** EXERCISE OBJECTIVE **
Here the job is to retype the data word for word while leaving the pictures aside.

** INFORMATION PROVIDED **
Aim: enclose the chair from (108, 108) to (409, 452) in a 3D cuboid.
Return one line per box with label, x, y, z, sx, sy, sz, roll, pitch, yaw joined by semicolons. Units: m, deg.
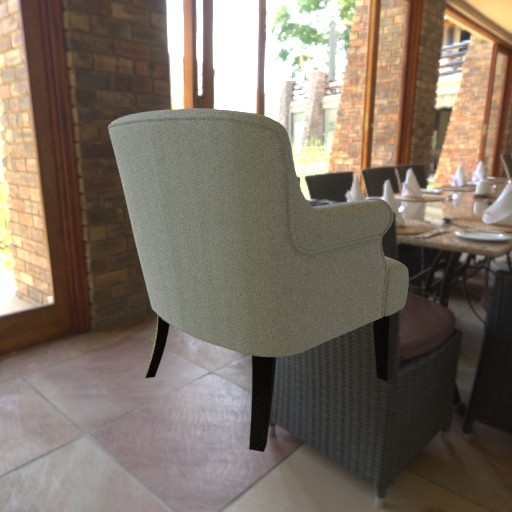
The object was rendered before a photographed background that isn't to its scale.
chair;0.000;0.000;1.453;0.750;0.875;0.781;-13;19;-43

** ANSWER AREA **
Aim: enclose the chair from (108, 108) to (409, 452) in a 3D cuboid.
Return one line per box with label, x, y, z, sx, sy, sz, roll, pitch, yaw joined by semicolons. Units: m, deg.
The object was rendered before a photographed background that isn't to its scale.
chair;0.000;0.000;1.453;0.750;0.875;0.781;-13;19;-43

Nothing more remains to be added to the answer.